The father noted that his daughter had received a phone for her birthday two weeks ago.
"She just got her phone. She'd been wanting a phone for so long, and we finally got it for her. She just tried to call the police," he told CNN.
“I just want people to know that she just died trying to save her classmates. She just wanted to save everyone," he later added.
Garza, who works as a med aide, learned this information while arriving on the scene to help the shooting victims. He stated that two students in the classroom confirmed that she was trying to call police when she got shot.
“One little girl was just covered in blood head-to-toe,” Garza said. “I asked her what was wrong, and she said ‘she was ok.’ She was hysterical saying they shot her best friend. ‘She’s not breathing, and she tried to call the cops.’ I asked her what’s her name and she said, she told me ‘Amerie, she said Amerie.’”
The father described his daughter, calling her "the sweetest little girl."
"She was the sweetest little girl who did nothing wrong. She listened to her mom and dad. She always brushed her teeth. She was creative. She made things for us. She never got in trouble in school," he said.
Watch the interview:
The 66-year-old woman in serious condition being treated at a San Antonio hospital is the shooter’s grandmother, officials confirmed Wednesday.

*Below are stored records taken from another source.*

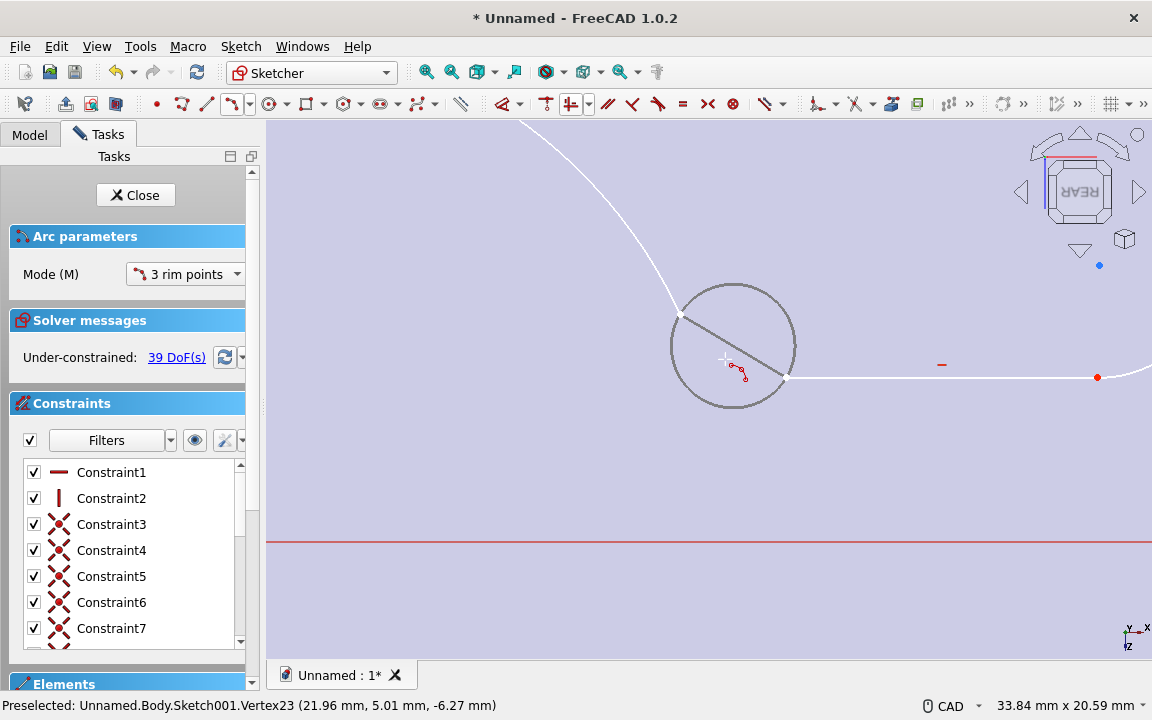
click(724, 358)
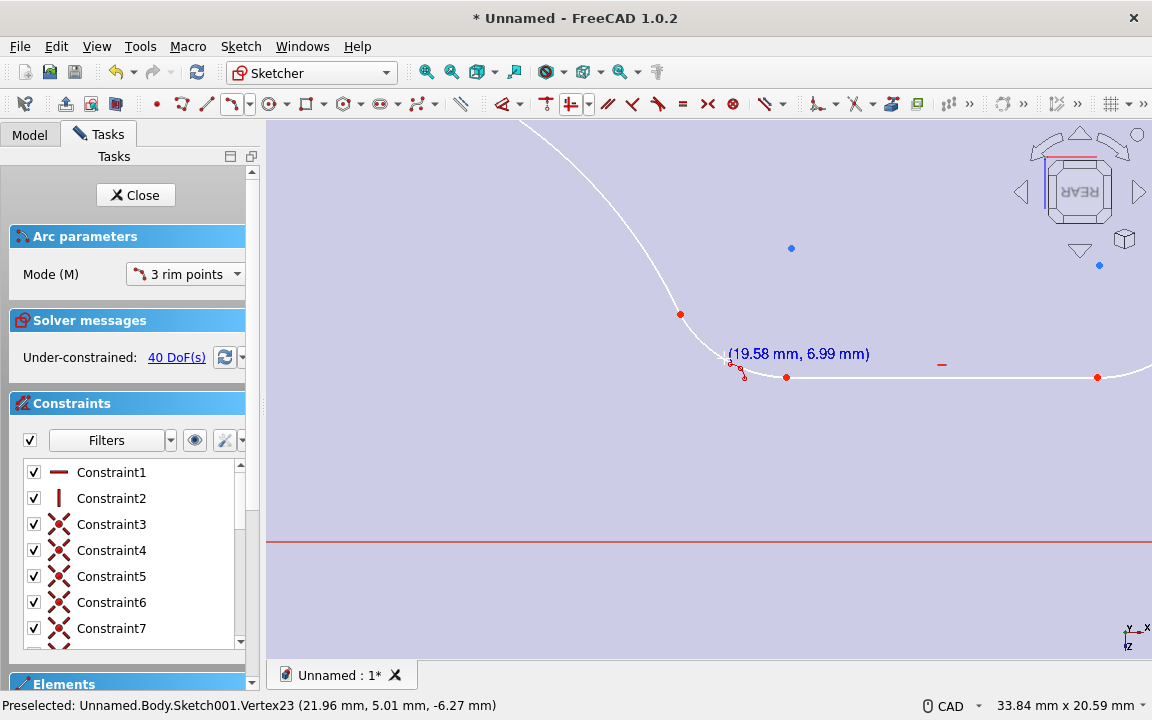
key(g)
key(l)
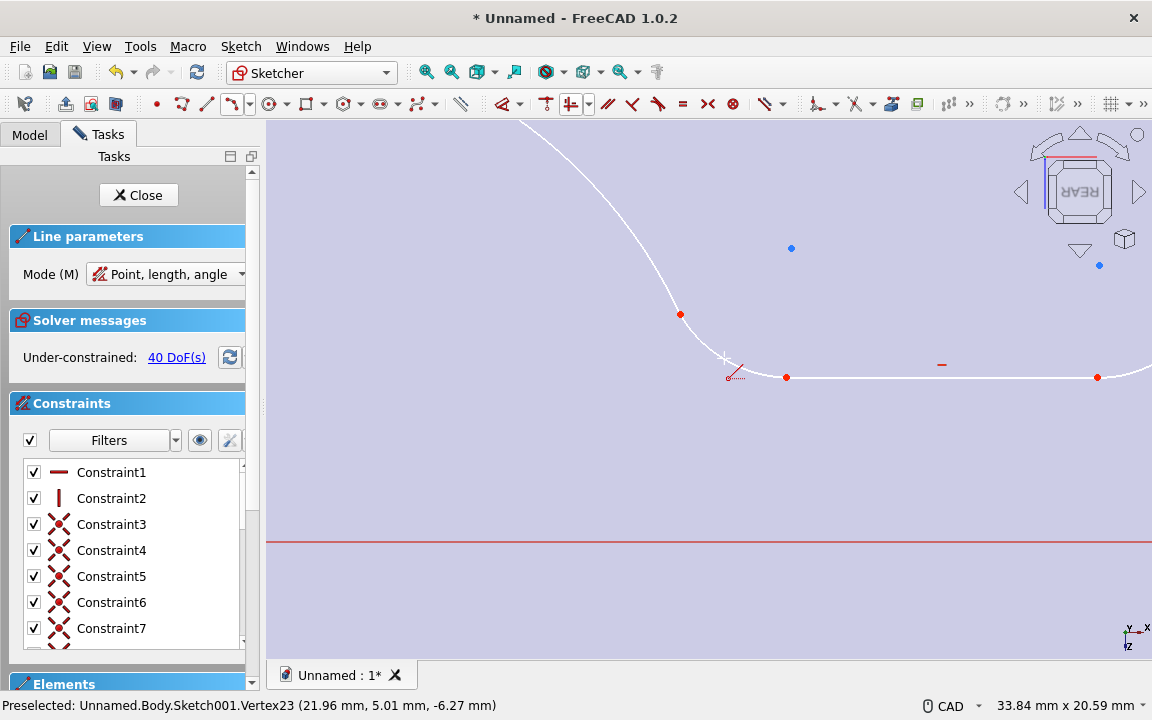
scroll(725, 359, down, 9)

According to officials, the shooter’s grandmother had been airlifted in critical condition to the hospital Tuesday after being shot by the gunman.

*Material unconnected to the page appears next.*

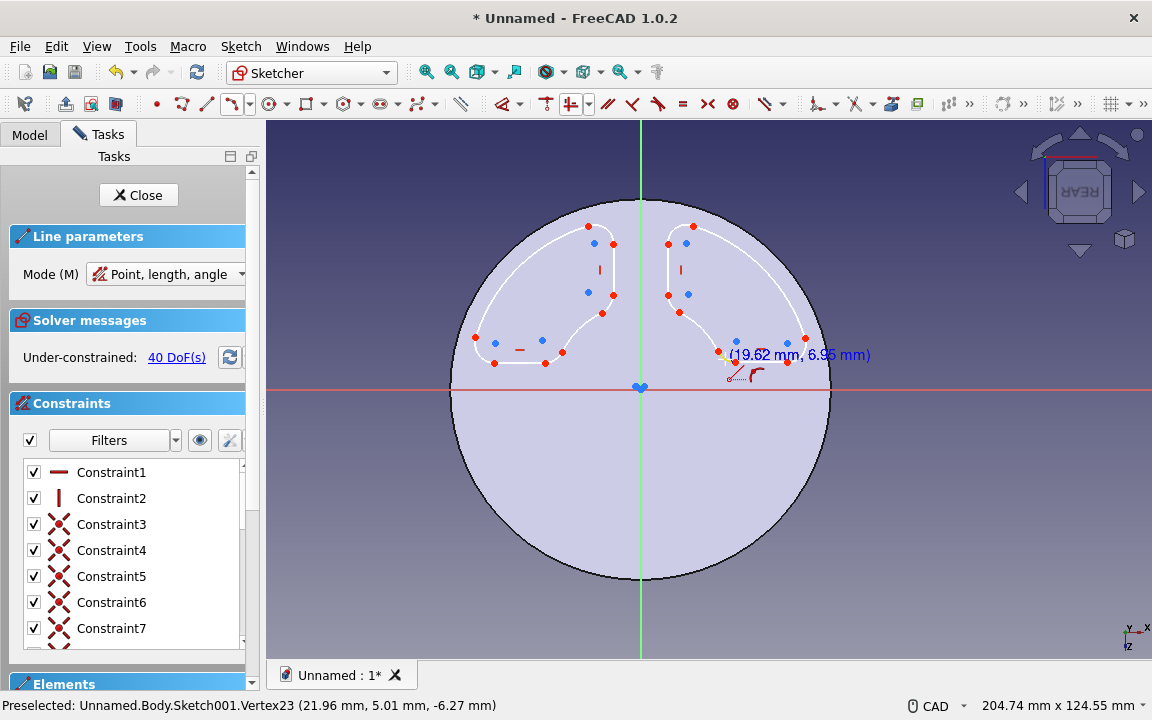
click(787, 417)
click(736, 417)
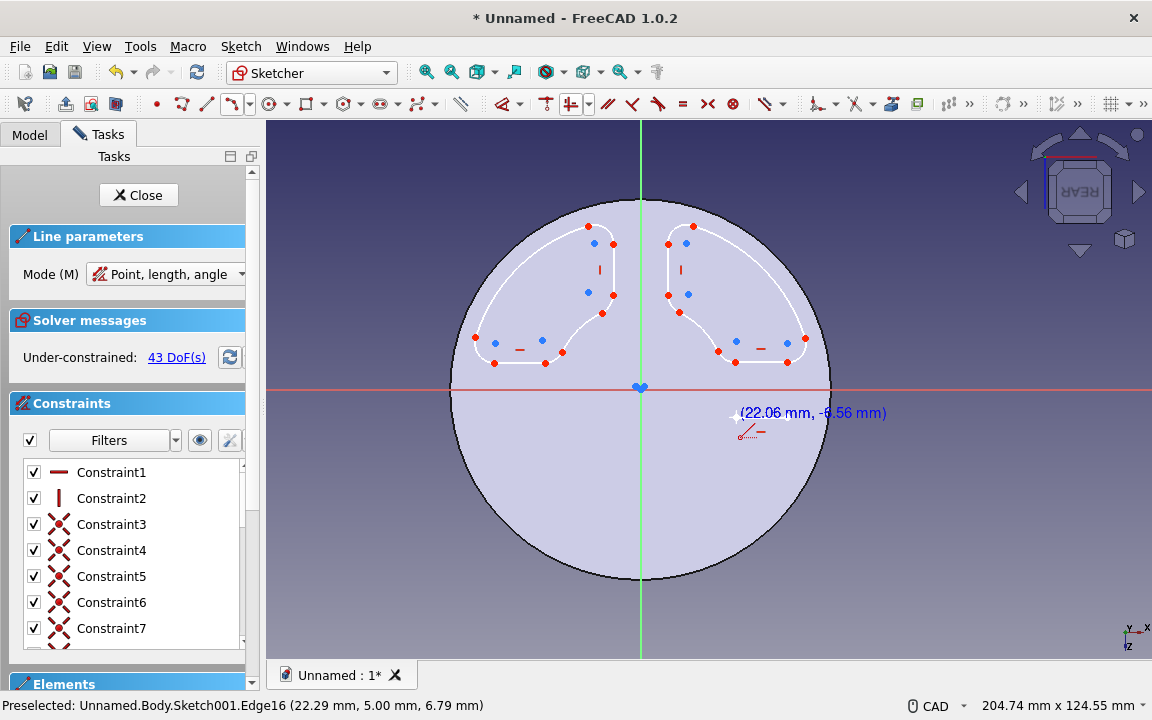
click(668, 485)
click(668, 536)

“The first thing that happened was the gunman shot his grandmother in the face. She then contacted police. The gunman fled, and as he was fleeing had an accident just outside the elementary school and he ran into the school,” Gov. Greg Abbott said in a news conference earlier Wednesday.
In a televised CNN interview with Wolf Blitzer, Sgt. Erick Estrada, a public information officer for the Texas Department of Public Safety, echoed Abbott’s comments and confirmed the 66-year-old woman is the shooter’s grandmother.
University Hospital in San Antonio declines to comment on individual patients, but in a Wednesday morning statement confirmed they were treating three children and a 66-year-old woman, who is in serious condition after being downgraded from critical condition.